_Stored items_
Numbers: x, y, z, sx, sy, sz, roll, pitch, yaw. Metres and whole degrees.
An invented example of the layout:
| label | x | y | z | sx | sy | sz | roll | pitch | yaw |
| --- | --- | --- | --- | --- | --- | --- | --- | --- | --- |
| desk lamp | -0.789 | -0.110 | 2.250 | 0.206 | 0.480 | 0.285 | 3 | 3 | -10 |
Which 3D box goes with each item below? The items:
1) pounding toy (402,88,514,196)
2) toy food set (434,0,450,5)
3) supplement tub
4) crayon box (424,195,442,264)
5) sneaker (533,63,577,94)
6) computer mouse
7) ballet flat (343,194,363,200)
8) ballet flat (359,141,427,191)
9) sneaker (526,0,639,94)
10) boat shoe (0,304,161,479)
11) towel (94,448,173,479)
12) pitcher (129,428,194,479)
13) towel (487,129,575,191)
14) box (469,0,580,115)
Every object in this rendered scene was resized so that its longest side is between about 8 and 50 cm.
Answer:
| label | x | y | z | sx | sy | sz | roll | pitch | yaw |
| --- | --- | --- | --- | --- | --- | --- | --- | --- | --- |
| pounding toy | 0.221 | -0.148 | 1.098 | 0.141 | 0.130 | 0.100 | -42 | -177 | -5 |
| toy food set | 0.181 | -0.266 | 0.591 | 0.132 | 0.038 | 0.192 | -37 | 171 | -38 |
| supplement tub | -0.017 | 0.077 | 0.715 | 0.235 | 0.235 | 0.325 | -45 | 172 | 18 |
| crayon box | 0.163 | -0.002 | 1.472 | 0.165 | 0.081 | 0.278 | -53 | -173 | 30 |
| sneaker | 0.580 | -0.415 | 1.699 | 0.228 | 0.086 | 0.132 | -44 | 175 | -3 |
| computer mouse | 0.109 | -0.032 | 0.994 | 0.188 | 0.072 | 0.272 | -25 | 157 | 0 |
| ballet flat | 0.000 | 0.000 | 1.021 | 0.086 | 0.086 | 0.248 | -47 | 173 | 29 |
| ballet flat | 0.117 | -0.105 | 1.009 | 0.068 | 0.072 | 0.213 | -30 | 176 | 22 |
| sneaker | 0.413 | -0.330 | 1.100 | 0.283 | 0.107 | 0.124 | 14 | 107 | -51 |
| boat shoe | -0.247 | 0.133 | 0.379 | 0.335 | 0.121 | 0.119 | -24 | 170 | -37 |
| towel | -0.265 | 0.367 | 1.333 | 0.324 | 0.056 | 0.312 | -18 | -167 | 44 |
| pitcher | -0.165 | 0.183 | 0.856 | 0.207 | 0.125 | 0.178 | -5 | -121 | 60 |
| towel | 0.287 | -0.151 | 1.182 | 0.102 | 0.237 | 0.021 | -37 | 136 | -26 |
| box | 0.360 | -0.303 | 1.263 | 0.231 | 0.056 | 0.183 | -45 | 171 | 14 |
==
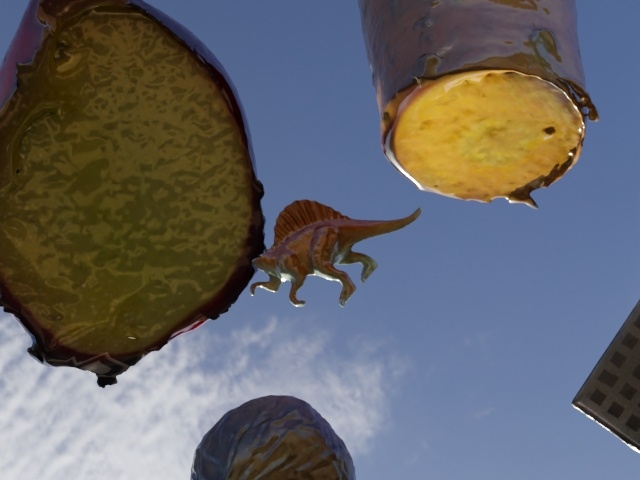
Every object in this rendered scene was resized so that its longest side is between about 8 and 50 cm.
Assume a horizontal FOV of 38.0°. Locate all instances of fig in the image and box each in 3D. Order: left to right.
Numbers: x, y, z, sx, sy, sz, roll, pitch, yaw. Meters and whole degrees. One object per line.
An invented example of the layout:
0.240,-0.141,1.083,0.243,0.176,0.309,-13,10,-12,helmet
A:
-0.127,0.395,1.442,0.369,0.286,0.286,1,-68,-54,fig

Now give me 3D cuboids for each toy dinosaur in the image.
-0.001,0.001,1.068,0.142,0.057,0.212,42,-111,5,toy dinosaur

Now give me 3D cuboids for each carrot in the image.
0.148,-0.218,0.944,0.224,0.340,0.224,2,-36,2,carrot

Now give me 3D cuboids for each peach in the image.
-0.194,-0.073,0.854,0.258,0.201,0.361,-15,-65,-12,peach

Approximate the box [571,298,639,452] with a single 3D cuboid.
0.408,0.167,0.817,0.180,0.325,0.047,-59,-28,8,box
* * *
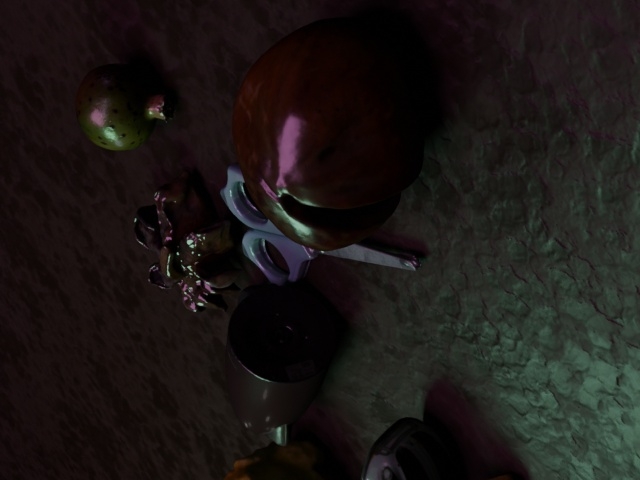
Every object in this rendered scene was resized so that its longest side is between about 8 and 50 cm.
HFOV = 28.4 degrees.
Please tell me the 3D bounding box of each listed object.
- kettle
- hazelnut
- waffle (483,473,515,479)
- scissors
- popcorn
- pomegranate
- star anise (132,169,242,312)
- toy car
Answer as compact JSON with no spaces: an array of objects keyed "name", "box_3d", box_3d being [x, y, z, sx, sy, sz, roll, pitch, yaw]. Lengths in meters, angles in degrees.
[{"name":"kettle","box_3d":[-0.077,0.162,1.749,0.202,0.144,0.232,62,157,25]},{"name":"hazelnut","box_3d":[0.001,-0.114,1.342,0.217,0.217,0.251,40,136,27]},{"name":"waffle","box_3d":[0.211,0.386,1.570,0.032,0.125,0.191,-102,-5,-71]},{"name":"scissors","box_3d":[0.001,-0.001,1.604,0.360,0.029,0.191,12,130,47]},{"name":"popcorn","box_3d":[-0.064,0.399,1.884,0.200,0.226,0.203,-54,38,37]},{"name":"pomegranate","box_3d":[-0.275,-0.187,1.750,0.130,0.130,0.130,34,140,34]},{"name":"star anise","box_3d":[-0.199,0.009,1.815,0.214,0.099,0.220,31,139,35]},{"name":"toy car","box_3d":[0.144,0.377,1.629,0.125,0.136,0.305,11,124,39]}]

_TASK BRIEF_
From the entries above, select each line containing the string "Numbers".

_EXERCISE SOLUTION_
Numbers: x, y, z, sx, sy, sz, roll, pitch, yaw. Metres and whole degrees.
Numbers: x, y, z, sx, sy, sz, roll, pitch, yaw. Meters and whole degrees. One object per line.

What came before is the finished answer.